%PM, %19 %758 %2014 %13:%Aug

Anti-Inflammatory Nutrition

Written by Hillary Dummond
Rate this item
(0 votes)

Anti-Inflammatory Nutrition

Physical therapy is a profession that is often dominated by a category of patients that share a similar complaint on the seemingly broad spectrum of pain.  Although every patient presents a different explanation as to how they interpret their own discomfort, it often can all be directed back toward one primary cause, and that is inflammation. 

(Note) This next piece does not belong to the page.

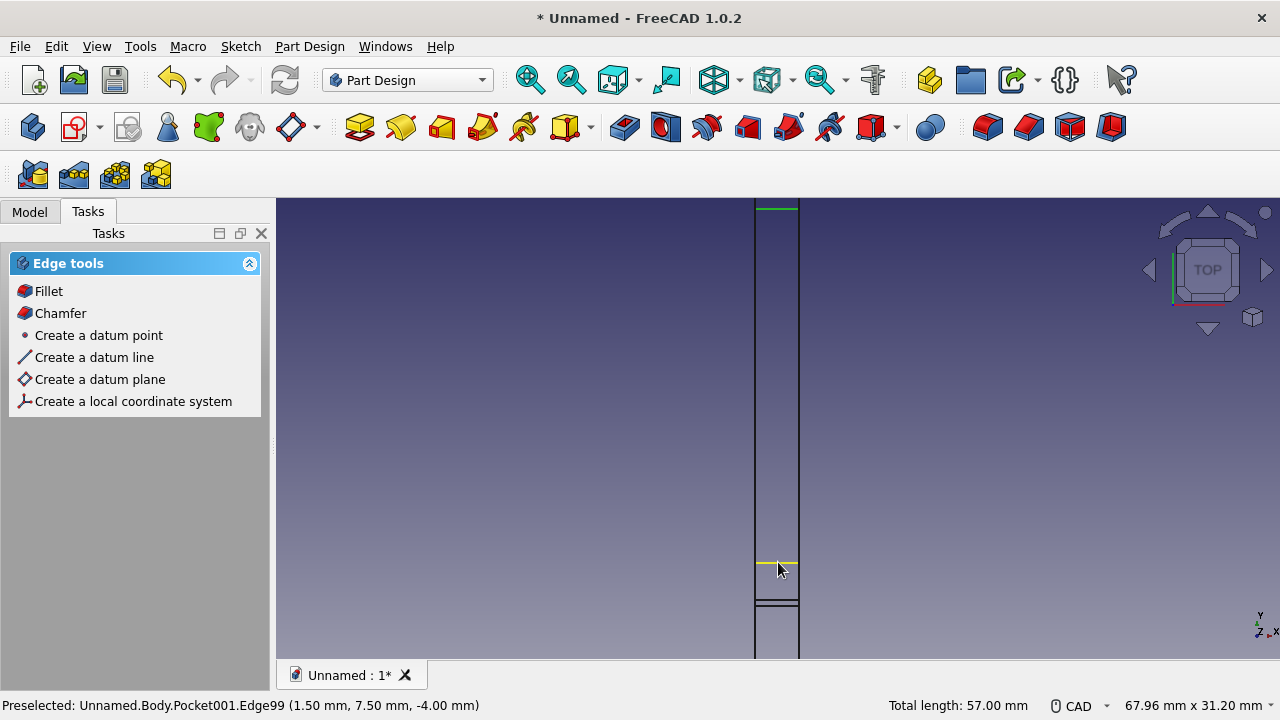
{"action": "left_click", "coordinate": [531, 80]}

In medical terminology, inflammation is identified as a localized, physical condition in which part of the body becomes reddened, swollen, hot, and often painful, especially as a reaction to injury or infection.  In much simpler terms, inflammation is the body’s attempt at damage control.  A common outlook toward an injury is that the impacted area of the body is what is causing physical pain.  In-fact, the actual cause of pain following an injury can, in most cases, be attributed directly to the inflammation set in by the body in a rapid attempt at self-healing.  Physical therapy is a heavily researched area of the medical sciences that has placed great emphasis on the ability to decrease and/or abolish pain caused by this natural healing process.  Although therapy is an absolute necessity in the battle against inflammation initiated pain, there are multiple tools an individual can implement on the roadway to recovery. 

It is known throughout the profession that sustained relief is largely dependent on the individual’s diligence in maintaining an exercise regimen even after scheduled clinic visit are concluded.  What is not so obvious are the other factors that should be considered in ensuring the success and longevity of physical therapy.  One of these factors is the fuel that runs the human body, also known as food.  It is no mystery that eating healthy is better than the alternative.  The question that follows is, why?  Television, magazines and numerous other media outlets imply that eating healthy is yet another element in perfecting ones physique.  Although this is certainly true, this does not do justice to the many other benefits of a healthy and balanced diet.  Similar to proper stretching and a therapy based workout routine, the right food choices can have a tremendous impact on the body’s ability to fight off inflammation. 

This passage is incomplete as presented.